As the Colorado Independent’s Marianne Goodland reports, the long-sought bipartisan deal to fix a vexing budgetary problem in Colorado that would free up hundreds of millions of dollars, reclassifying the state’s Hospital Provider Fee program to no longer count against revenue limits under the 1992 Taxpayer’s Bill of Rights (TABOR), is apparently close to fruition.
This week, negotiations between the bill’s sponsors became very tense over a provision hiking Medicaid co-pays for prescriptions and both inpatient and outpatient visits.

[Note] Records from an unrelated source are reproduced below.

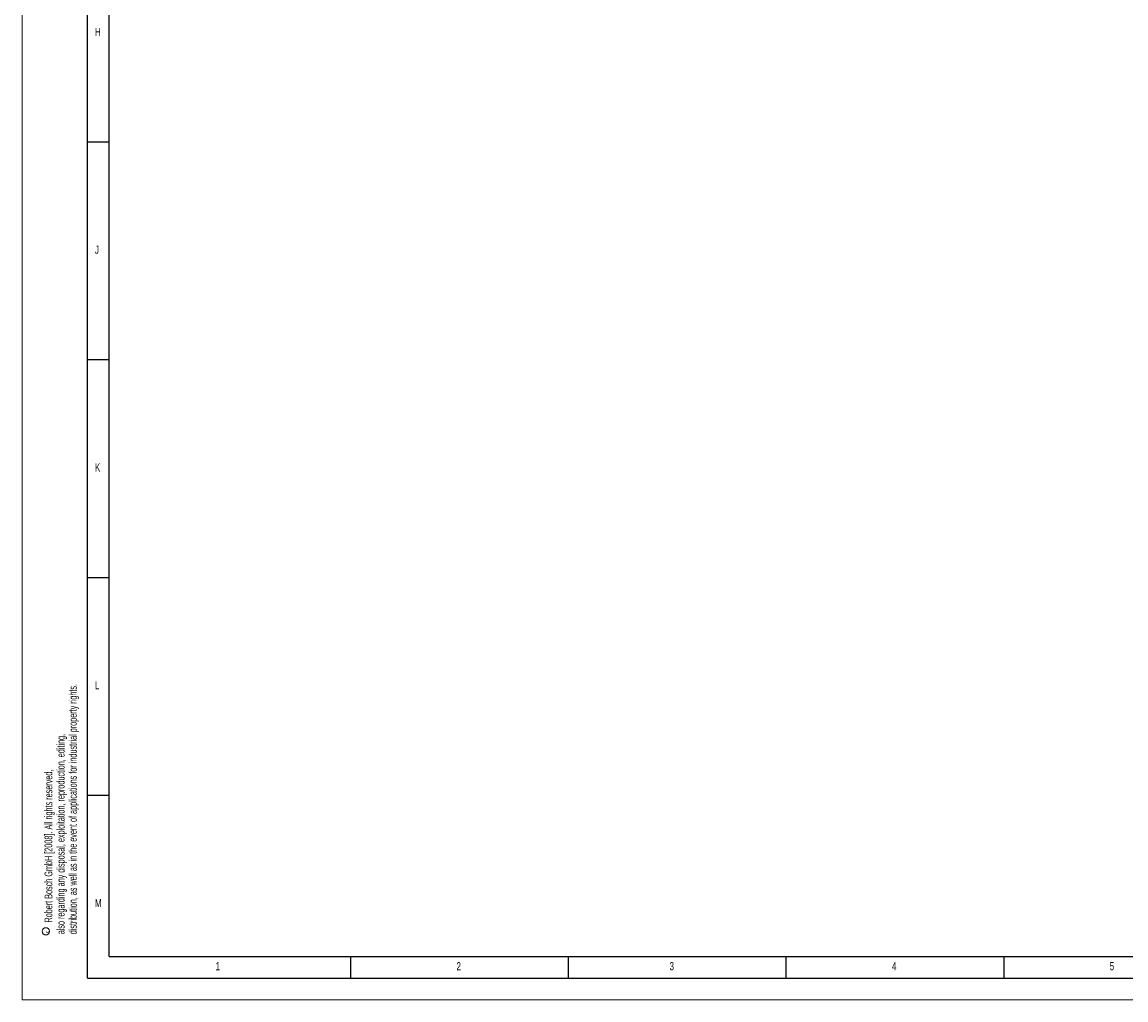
# Model space of a CAD drawing. Header units: millimetres. Extents: x 0 to 841, y 0 to 594.
# Tile 1 of 22: x 0 to 253, y 0 to 224. Entities that reach past the tile are written whole.
import ezdxf

# ---------------------------------------------------------------- set-up
doc = ezdxf.new("R2010")
doc.units = ezdxf.units.MM
doc.layers.add('FORMAT', color=7, linetype='Continuous')
doc.styles.add('SLDTEXTSTYLE0', font='TXT', dxfattribs={"width": 0.75})
doc.styles.add('SLDTEXTSTYLE1', font='TXT', dxfattribs={"width": 0.605})

# ---------------------------------------------------------------- blocks, each defined once
blk = doc.blocks.new('SW_NOTE_0')
at = {"color": 0, "linetype": 'Continuous', "lineweight": 0, "char_height": 1.8, "attachment_point": 1, "rotation": 90, "style": 'SLDTEXTSTYLE1'}
for s, insert in [('distribution, as well as in the event of applications for industrial property rights.', (3.28, 0)), ('also regarding any disposal, exploitation, reproduction, editing,', (0.48, 0)), ('Robert Bosch GmbH [2008]. All rights reserved,', (-2.32, 2.7))]:
    blk.add_mtext(s, dxfattribs=dict(at, insert=insert))
blk = doc.blocks.new('SW_NOTE_0_1')
at = {"color": 0, "linetype": 'Continuous', "lineweight": 0}
blk.add_circle((-1.05, 0.4), 0.835, dxfattribs=at)
at = {"color": 0, "linetype": 'Continuous', "lineweight": 0, "insert": (-1.29, 0), "char_height": 1, "attachment_point": 1, "rotation": 90, "style": 'SLDTEXTSTYLE1'}
blk.add_mtext('c', dxfattribs=at)

msp = doc.modelspace()

# ---------------------------------------------------------------- linework, layer by layer
at = {"color": 7, "linetype": 'Continuous', "lineweight": 18}
for q in [(0.000004, 594.00001), (841.000004, 0.00001)]:
    msp.add_line((0.000004, 0.00001), q, dxfattribs=at)
at = {"layer": 'FORMAT'}
for p, q in [((15.000004, 5.00001), (15.000004, 589.00001)), ((20.000004, 10.00001), (20.000004, 584.00001)), ((15.000004, 197.00001), (20.000004, 197.00001)), ((15.000004, 147.00001), (20.000004, 147.00001)), ((15.000004, 97.00001), (20.000004, 97.00001)), ((15.000004, 47.00001), (20.000004, 47.00001)), ((20.000004, 10.00001), (831.000004, 10.00001)), ((75.500004, 5.00001), (75.500004, 10.00001)), ((125.500004, 5.00001), (125.500004, 10.00001)), ((175.500004, 5.00001), (175.500004, 10.00001)), ((225.500004, 5.00001), (225.500004, 10.00001)), ((15.000004, 5.00001), (836.000004, 5.00001))]:
    msp.add_line(p, q, dxfattribs=at)

# ---------------------------------------------------------------- block references
at = {"color": 7, "linetype": 'Continuous', "lineweight": 0}
for name, p in [('SW_NOTE_0', (7.479854, 15.069282)), ('SW_NOTE_0_1', (6.513951, 15.348808))]:
    msp.add_blockref(name, p, dxfattribs=at)

# ---------------------------------------------------------------- texts
at = {"layer": 'FORMAT', "char_height": 1.852083, "attachment_point": 1, "style": 'SLDTEXTSTYLE0'}
for s, insert in [('H', (16.720484, 223.168024)), ('J', (16.720484, 173.168024)), ('K', (16.720484, 123.168024)), ('L', (16.720484, 73.168024)), ('M', (16.720484, 23.168024)), ('1', (44.427083, 8.668031)), ('2', (99.764651, 8.668031)), ('3', (148.685732, 8.668031)), ('4', (199.764651, 8.668031)), ('5', (249.764651, 8.668031))]:
    msp.add_mtext(s, dxfattribs=dict(at, insert=insert))

doc.saveas('drawing.dxf')

Democrats led by House Majority Leader K.C. Becker and Senate Minority Leader Lucia Guzman insisted they never agreed to that, and would not–while co-sponsoring Republican Sen. Jerry Sonnenberg demanded that the copays increase as part of the deal.
As of today, as Goodland reports, Republicans appear to have successfully extracted their pound of flesh:
Two House lawmakers and two Senate leaders have reached bipartisan agreement on a high-stakes and hard-fought state finance deal that fell apart as many times as it came together.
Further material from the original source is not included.